The relationship between the dependent variable (Ferritin
concentration) and the dependent variables should be approximately
linear. The residual vs fitted
plot shows a roughly
horizontal trend with no distinct pattern. Hence we conclude that the
model meets this assumption.
Checking Regression Model Assumptions
The second plot Normal Q-Q
shows the normality of
residuals. In an ideal situation, the residuals should fall along the
straight line. The figure shows a departure from this, more so at the
edges. The model does not meet this assumption and cannot reliably be
applied for forecasting. Indeed, the Residuals vs Leverage
plot shows the existence of outliers.
The variance inflation factor shows that multicollinearity is not an issue in the model. The rule of thumb is a VIF of less than 5 as the threshold for multicollinearity.
vif(lm(Ferr ~ Sex + LBM + BMI, data = training_set))
## Sex LBM BMI
## 2.799790 4.898196 2.427108
This assumption is not relevant as our data has no time series dimension.
The scale-location
plot shows a rising trend instead of
a horizontal pattern with equally spread points. Again, the regression
model does not meet this assumption. The model is heteroscedastic.

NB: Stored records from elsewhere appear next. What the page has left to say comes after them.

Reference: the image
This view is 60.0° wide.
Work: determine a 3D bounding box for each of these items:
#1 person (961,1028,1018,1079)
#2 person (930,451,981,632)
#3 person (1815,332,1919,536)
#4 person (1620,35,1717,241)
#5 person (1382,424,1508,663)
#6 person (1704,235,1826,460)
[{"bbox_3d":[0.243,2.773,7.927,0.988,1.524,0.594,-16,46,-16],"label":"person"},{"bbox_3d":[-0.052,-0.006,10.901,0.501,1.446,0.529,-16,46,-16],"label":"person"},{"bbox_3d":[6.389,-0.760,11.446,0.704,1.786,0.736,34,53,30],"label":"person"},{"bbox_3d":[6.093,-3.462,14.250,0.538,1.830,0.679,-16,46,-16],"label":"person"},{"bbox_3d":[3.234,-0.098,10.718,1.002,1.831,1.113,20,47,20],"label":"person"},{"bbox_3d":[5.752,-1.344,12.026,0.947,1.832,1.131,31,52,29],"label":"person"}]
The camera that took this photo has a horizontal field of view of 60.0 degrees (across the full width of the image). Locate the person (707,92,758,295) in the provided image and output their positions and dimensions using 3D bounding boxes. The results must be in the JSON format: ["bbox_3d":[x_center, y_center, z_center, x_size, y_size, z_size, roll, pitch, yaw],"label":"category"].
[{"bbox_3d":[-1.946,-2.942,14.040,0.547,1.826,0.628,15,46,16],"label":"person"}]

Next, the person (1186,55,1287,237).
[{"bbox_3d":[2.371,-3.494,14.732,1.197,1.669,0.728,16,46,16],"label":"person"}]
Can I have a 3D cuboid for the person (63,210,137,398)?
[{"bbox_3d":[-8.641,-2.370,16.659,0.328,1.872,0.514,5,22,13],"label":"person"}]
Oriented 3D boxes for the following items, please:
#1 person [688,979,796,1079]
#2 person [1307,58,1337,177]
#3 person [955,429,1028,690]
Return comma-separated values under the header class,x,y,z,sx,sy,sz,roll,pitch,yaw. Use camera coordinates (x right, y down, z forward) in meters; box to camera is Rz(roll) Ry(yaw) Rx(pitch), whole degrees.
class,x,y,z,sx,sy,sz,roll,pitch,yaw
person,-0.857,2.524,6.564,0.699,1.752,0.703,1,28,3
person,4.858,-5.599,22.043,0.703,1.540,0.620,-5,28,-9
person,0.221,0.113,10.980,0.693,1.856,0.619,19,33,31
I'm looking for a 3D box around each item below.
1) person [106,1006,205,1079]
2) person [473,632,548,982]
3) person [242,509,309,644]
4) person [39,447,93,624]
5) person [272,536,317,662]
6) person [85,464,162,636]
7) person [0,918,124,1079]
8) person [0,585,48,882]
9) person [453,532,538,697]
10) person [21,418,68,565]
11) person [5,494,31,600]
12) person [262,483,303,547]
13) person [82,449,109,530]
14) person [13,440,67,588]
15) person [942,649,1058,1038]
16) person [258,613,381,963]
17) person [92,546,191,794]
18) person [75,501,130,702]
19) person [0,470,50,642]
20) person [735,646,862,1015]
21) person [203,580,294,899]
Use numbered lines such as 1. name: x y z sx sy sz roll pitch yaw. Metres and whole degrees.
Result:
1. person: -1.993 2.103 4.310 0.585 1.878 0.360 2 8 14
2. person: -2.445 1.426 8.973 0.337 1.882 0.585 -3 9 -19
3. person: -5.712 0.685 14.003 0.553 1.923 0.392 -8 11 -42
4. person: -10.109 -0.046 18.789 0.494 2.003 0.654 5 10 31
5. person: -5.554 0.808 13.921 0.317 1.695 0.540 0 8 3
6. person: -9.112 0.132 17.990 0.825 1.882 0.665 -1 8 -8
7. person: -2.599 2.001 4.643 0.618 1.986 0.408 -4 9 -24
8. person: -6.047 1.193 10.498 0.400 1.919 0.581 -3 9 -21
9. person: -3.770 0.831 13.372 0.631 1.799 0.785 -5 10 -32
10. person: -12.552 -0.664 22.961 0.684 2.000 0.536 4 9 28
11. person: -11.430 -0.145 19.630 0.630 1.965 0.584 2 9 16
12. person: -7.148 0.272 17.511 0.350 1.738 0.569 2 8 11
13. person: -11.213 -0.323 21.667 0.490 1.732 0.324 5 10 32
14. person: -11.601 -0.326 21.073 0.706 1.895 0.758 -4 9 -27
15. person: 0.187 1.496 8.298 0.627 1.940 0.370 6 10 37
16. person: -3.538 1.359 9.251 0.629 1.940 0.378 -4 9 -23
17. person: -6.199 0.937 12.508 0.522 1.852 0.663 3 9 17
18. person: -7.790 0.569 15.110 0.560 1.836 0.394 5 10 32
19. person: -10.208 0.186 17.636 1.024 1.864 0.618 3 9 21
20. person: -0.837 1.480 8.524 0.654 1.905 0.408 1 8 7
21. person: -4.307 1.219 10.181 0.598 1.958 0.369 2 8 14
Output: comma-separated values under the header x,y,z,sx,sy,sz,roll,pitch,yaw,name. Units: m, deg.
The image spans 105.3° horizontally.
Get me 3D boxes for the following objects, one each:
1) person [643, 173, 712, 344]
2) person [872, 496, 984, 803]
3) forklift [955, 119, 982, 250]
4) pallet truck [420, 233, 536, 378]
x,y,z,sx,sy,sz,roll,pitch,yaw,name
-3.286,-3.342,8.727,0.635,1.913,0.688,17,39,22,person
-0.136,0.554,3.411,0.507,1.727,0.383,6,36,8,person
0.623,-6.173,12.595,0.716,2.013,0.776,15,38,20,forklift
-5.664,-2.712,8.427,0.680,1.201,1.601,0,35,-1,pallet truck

In this article, we assess the effect of a collection of explanatory variables on the plasma ferritin concentration (Ferr) among athletes in Australia. Sex, lean body mass (LBM) and body mass index (BMI) are the significant drivers of ferritin concentration among athletes. The difference in ferritin concentration is especially notable between male and female athletes. However, the regression model is is neither multivariate normal nor homoscedastic with notable outliers. Transforming the independent variables could improve the model.